I bought a jar of basil eo from a different supplier recently and was surprised (not pleasantly I might add) at how different it smelled from what I usually get.  Almost as if it had a trace of tea tree or something else in it.  

Have you noticed a signficant difference in the way the same eo smells from different suppliers?


----------



## PrairieCraft (Aug 5, 2010)

Yes.  Even from the same supplier EOs can vary from one growing season or even one batch to the next.  Rainfall, temperature, soil conditions etc. all affect the way the plant turns out and then you will have differences from the extraction process.   If it smells really off and you purchased from a supplier who cares they might replace it.


----------



## ilovedoxies (Aug 5, 2010)

I sent them a email today.  I'll let you know what they say.


----------



## ilovedoxies (Aug 5, 2010)

They said they also had a shipment of tea tree go out that day so possibly it's a labeling error.  

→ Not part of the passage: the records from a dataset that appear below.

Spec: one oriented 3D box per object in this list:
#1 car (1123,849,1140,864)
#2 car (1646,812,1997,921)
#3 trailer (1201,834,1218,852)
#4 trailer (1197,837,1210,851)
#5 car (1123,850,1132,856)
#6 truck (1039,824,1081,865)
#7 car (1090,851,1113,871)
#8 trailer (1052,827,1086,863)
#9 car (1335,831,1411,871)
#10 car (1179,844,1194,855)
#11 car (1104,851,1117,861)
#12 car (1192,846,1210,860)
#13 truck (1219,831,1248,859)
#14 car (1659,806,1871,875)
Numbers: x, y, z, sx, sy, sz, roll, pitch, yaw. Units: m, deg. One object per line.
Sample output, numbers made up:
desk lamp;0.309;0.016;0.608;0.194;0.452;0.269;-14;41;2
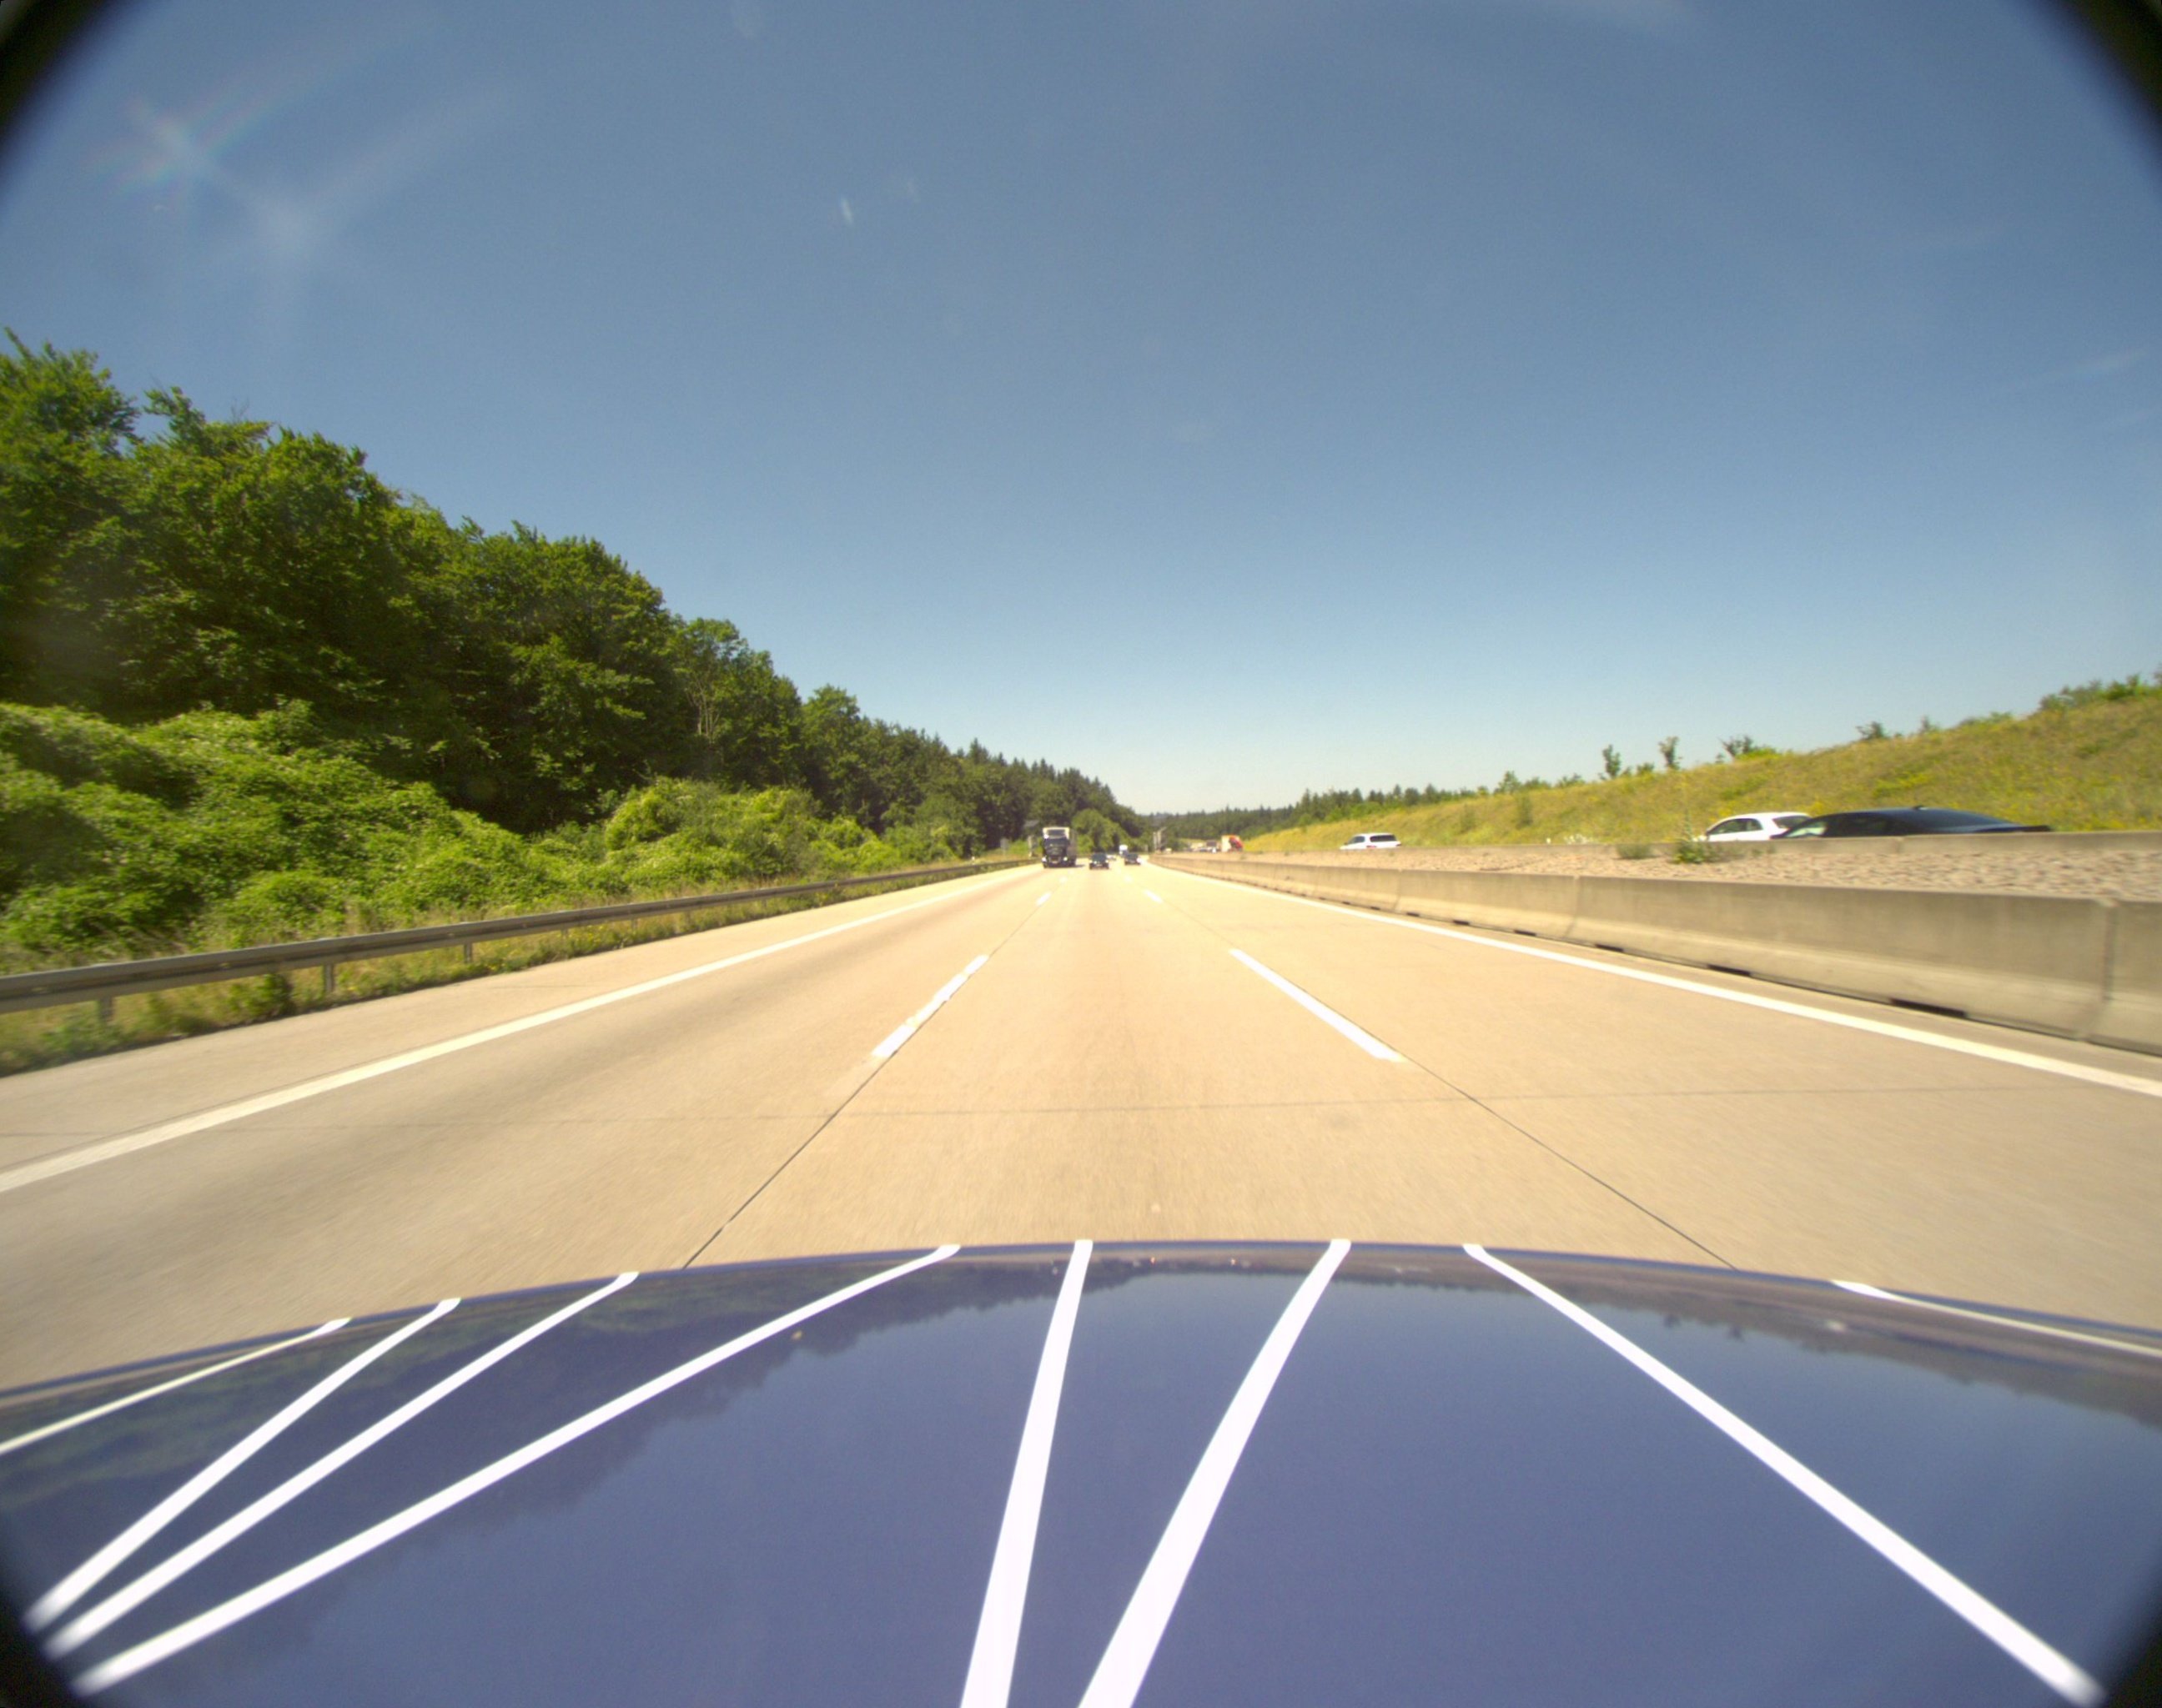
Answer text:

Quite allright, since I use tea trea oil anyway.


----------



## PrairieCraft (Aug 8, 2010)

It would be crazy to expect basil and get tea tree.  Have you ever taken a drink from your glass expecting tea and but it was pop (or anything other than what you expected) and it tastes so disgusting even though you like the pop.  I imagine that is what it would be like.  

I have had a supplier replace peppermint and lavender at different times because they just didn't smell exactly right.  And sometimes the peppermint is way sweeter smelling than it usually is, which I like.

Glad that it was something as easy as a mis-labeling so there is no hassle about it.  Are they sending you out a basil and letting you keep the tea tree?  If so that is a good deal, worth the hassle I would say.    Bonus!


----------



## ilovedoxies (Aug 9, 2010)

They are sending me a basil and letting me keep the tea tree.  I can't complain at all about their customer service!


----------



## ilovedoxies (Aug 12, 2010)

Got the replacement yesterday and although I can't complain one tiny bit about their customer service I find the basil a little ...meh, well make that a lot meh.     

It still smells drastically different from basil eo I got from a different supplier.


----------



## carebear (Aug 12, 2010)

to me, basil EO is not very pleasant. i've gotten it from a few suppliers and it smells... dusty.  with a hint of anise, but mostly... dusty.


----------